• [Exercise requirements]: Skip the images; return every entry exactly.

Items listed in a dataset:
============

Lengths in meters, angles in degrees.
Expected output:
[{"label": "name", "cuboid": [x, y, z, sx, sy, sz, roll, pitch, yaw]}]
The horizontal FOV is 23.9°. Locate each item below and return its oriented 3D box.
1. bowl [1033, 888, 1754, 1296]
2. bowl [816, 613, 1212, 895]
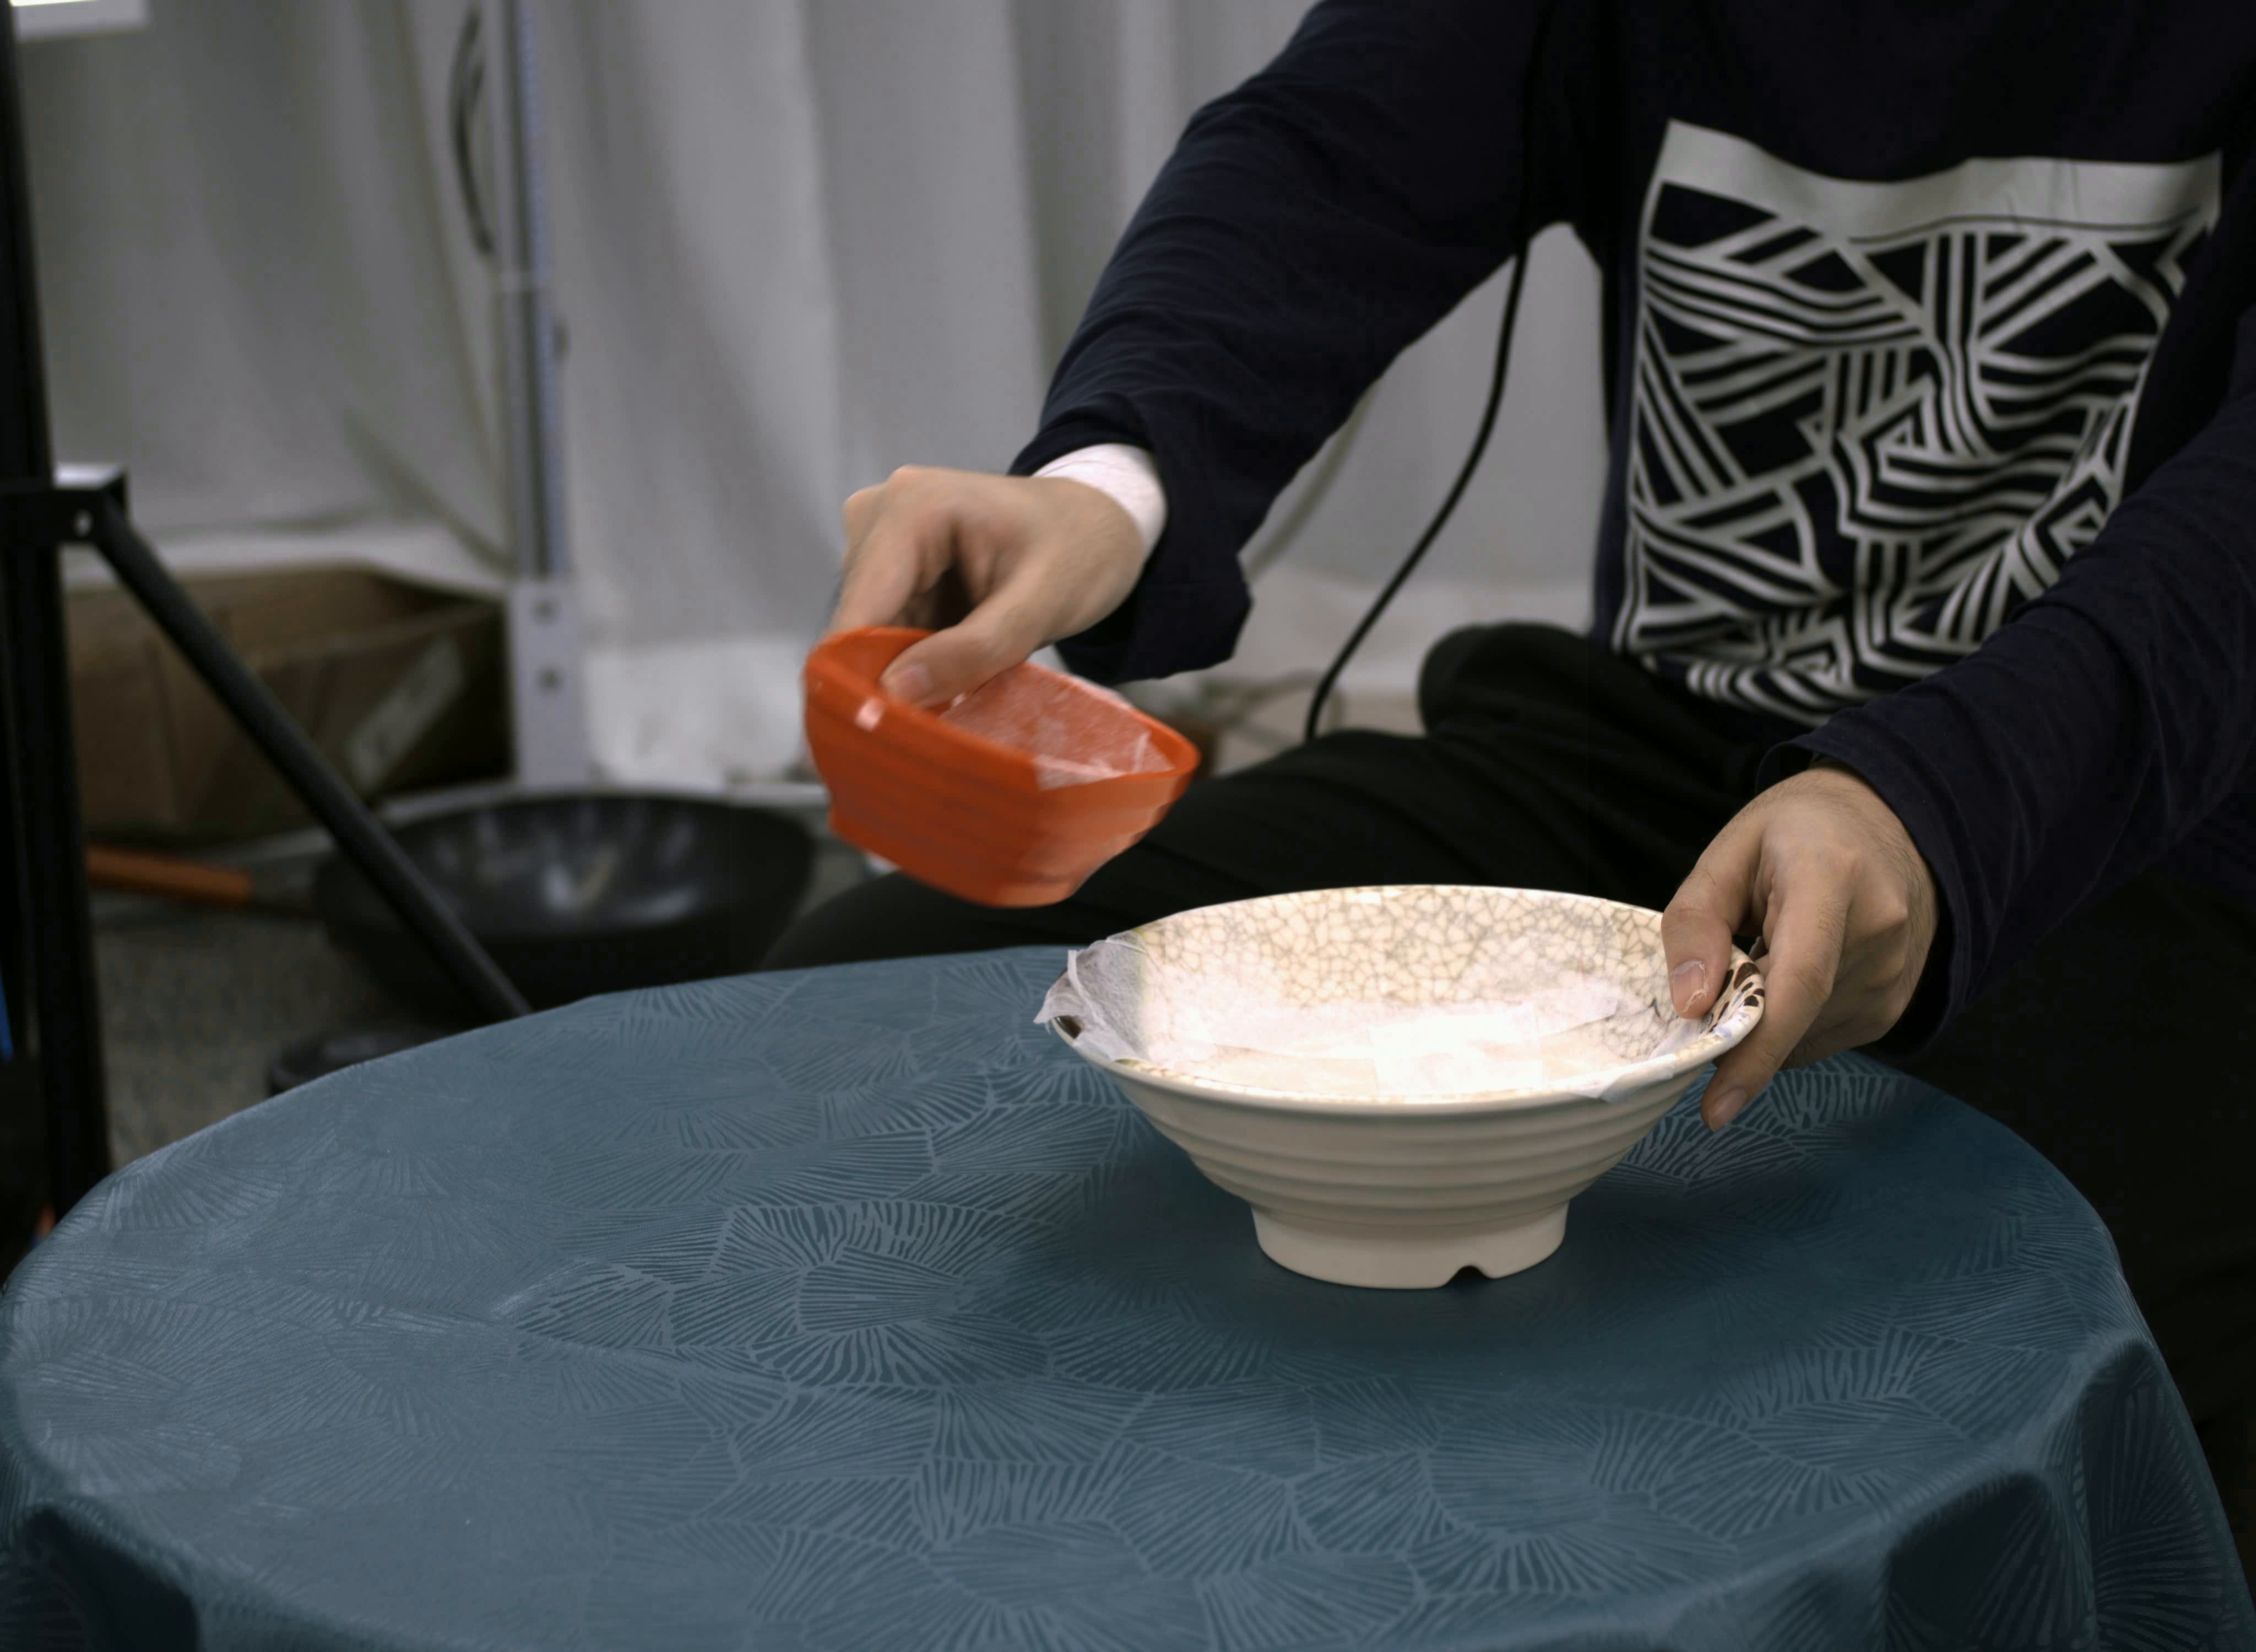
[{"label": "bowl", "cuboid": [0.074, 0.082, 1.505, 0.203, 0.078, 0.205, 1, 15, -2]}, {"label": "bowl", "cuboid": [-0.038, -0.017, 1.515, 0.118, 0.051, 0.119, 17, 13, -6]}]

============

• [Reply to the task]:
Lengths in meters, angles in degrees.
Expected output:
[{"label": "name", "cuboid": [x, y, z, sx, sy, sz, roll, pitch, yaw]}]
The horizontal FOV is 23.9°. Locate each item below and return its oriented 3D box.
1. bowl [1033, 888, 1754, 1296]
2. bowl [816, 613, 1212, 895]
[{"label": "bowl", "cuboid": [0.074, 0.082, 1.505, 0.203, 0.078, 0.205, 1, 15, -2]}, {"label": "bowl", "cuboid": [-0.038, -0.017, 1.515, 0.118, 0.051, 0.119, 17, 13, -6]}]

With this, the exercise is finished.